ExComputeTickCountMultiplier()
Anyway, let's dive into ExComputeTickCountMultiplier() function. The function itself is simple and its body can be divided into three groups:
let's now cover these three steps in detail. Starting with a general description of what happens with KeMaximumIncrement as input.
And also, it is important to note that the KeMaximumIncrement is a 32-bit integer that has an integer and a fraction part. The integer part covers 8 bits and the fraction part remaining 24 bits.
Step 1
As the first step, the integer part is computed by dividing KeMaximumIncrement by 10,000 (100ns * 10,000ns is 1ms). Using this formula, it is clear that we're getting the number of milliseconds, rather than nanoseconds. Let's store that into variable IntegerPart.
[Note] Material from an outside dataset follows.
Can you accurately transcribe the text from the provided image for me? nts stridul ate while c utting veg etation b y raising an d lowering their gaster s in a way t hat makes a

ULONG IntegerPart = KeMaximumIncrement / (10 * 1000);
Step 2
As the second step, the remainder is computed. Remember that the KeMaximumIncrement is a 'floating-point' value with base and fraction. We will store it inside variable Remainder.
Next up is a algorithm that calculates the binary fraction from the Remainder. The rules are as following. Multiply the fractioned remainder by two (left shift) and if the result is bigger than one, store 1 and subtract 1 from the result, store 0 otherwise. Repeat 24 times in this case, since we're calculating up to 24-bit precision. The result of stored ones and zeros then pack together into one sequence.
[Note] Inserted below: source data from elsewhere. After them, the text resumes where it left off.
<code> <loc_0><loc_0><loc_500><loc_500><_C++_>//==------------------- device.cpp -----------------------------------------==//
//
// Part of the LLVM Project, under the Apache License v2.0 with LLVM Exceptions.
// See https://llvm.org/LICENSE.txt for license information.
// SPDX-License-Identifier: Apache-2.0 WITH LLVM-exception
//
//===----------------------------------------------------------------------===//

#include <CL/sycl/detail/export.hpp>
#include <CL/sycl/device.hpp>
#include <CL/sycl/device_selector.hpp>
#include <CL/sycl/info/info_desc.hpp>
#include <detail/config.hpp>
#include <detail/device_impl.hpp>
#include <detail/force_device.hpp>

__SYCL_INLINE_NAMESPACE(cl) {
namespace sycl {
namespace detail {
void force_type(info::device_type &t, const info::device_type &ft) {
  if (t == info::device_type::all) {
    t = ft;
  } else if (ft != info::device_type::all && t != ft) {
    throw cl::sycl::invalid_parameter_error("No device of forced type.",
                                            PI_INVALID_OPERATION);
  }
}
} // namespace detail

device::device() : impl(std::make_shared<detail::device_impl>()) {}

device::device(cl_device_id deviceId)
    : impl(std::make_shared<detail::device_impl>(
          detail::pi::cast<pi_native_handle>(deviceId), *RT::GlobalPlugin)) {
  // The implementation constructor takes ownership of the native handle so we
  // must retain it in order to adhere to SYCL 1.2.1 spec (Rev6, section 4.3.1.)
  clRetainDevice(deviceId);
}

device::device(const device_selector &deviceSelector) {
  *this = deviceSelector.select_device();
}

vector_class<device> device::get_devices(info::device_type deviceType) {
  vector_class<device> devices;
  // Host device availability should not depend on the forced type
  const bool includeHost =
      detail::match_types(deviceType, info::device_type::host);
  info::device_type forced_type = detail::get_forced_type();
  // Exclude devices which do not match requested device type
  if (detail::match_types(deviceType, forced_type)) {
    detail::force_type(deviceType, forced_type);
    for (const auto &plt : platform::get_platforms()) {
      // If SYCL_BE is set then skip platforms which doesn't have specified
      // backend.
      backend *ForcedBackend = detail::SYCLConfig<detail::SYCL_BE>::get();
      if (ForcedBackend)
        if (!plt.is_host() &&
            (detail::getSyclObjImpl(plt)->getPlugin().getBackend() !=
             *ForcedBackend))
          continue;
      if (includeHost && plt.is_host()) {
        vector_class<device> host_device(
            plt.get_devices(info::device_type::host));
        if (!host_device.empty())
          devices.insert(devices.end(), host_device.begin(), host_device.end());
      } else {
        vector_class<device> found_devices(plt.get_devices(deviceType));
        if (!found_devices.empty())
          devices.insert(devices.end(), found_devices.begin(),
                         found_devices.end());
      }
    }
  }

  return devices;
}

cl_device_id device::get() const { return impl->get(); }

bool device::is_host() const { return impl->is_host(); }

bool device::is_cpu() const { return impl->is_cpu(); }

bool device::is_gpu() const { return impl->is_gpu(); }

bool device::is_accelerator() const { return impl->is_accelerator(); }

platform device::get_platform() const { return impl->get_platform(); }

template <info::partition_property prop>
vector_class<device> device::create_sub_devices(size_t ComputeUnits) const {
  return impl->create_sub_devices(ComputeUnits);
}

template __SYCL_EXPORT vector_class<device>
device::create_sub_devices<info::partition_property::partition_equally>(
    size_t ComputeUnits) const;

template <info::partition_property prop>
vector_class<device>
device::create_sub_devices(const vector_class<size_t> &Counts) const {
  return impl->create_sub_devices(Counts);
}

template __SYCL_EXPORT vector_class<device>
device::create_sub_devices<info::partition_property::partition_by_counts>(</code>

As a demonstration, let's take decimal number 6789 as Remainder and make fraction from it - 0.6789 using the same algorithm.
0.6789 * 2 = 1.3578 1 |
0.3578 * 2 = 0.7156 0 |
0.7156 * 2 = 1.4312 1 |
0.4312 * 2 = 0.8624 0 |
0.8624 * 2 = 1.7248 1 |
0.7248 * 2 = 1.4496 1 |
0.4496 * 2 = 0.8992 0 |
0.8992 * 2 = 1.7984 1 |
0.7984 * 2 = 1.5968 1 V
24 times total...
The result would be:
0.6789 in decimal is 0.101011011... in binary
The C equivalent would then be:
ULONG FractionPart = 0;
for (int n = 0; n < 24; n++)
{
FractionPart <<= 1; // Move to next bit (* 2)
Remainder <<= 1;
// Now, we aren't checking if the value is bigger
// than 1, but rather if it is bigger than 10k.
if (Remainder >= (10 * 1000))
{
Remainder -= (10 * 1000); // Subtract 10k instead of 1..
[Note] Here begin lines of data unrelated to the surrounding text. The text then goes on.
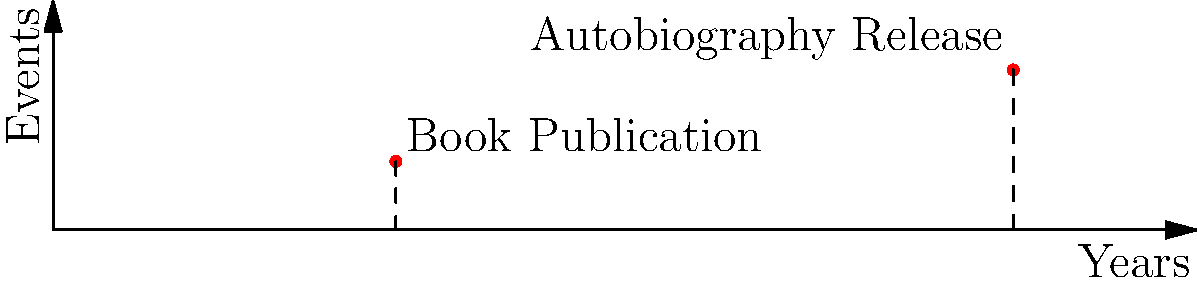On a timeline of your life events, your first book publication occurred at year 15, while your critically acclaimed autobiography was released at year 42. Using the coordinate plane where the x-axis represents years and the y-axis represents significant events, calculate the distance between these two pivotal moments in your writing career. Round your answer to two decimal places. To find the distance between two points on a coordinate plane, we can use the distance formula:

$$d = \sqrt{(x_2 - x_1)^2 + (y_2 - y_1)^2}$$

Where $(x_1, y_1)$ is the first point and $(x_2, y_2)$ is the second point.

Given:
- Book Publication: (15, 3)
- Autobiography Release: (42, 7)

Let's plug these values into the formula:

$$\begin{align}
d &= \sqrt{(42 - 15)^2 + (7 - 3)^2} \\
&= \sqrt{27^2 + 4^2} \\
&= \sqrt{729 + 16} \\
&= \sqrt{745} \\
&\approx 27.29
\end{align}$$

Rounding to two decimal places, we get 27.29.
Answer: 27.29

FractionPart |= 1; // Add 1 bit. Otherwise none (0) would be added.
}
}
Now we have the binary fraction completely calculated and we're near the end! Now the only thing that remains is to add the fraction part to the integer part.
Part 3
As stated before, the only thing left is to combine the fraction part together with the integer part:
ULONG Result = (IntegerPart << 24) | FractionPart;
And this is it! This is how the multiplier is calculated. In summary, a KeMaximumIncrement is supplied. It is a clock increment value in 100ns units. This value is then converted to the integer millisecond part. Then, the 24-bit binary fraction is computed for every bit. In the end, those two values are combined together to form the final multiplier. Simple as that!
TickCount
The tick count is, as the name says, basically a tick count. A 'tick' is an update in internal system time code that is represented in 100 nanosecond units. This increment is basically multiplied by a constant (or a multiplier, e.g. TickCountMultiplier) that converts it to a millisecond tick count.
The tick count is incremented inside KiUpdateSystemTime() function. And to be honest, there's nothing much to say about this. It is just a variable that is constantly incrementing each 100ns tick.
Conclusion
So, as you can see, the implementation of GetTickCount() is pretty simple if you know, how it works. I wrote this article because I found the ínternal implementation of the function very interesting. The way it works and how it works. Also, the way that the function works by simply multiplying two values together, forming a 1ms tick timer.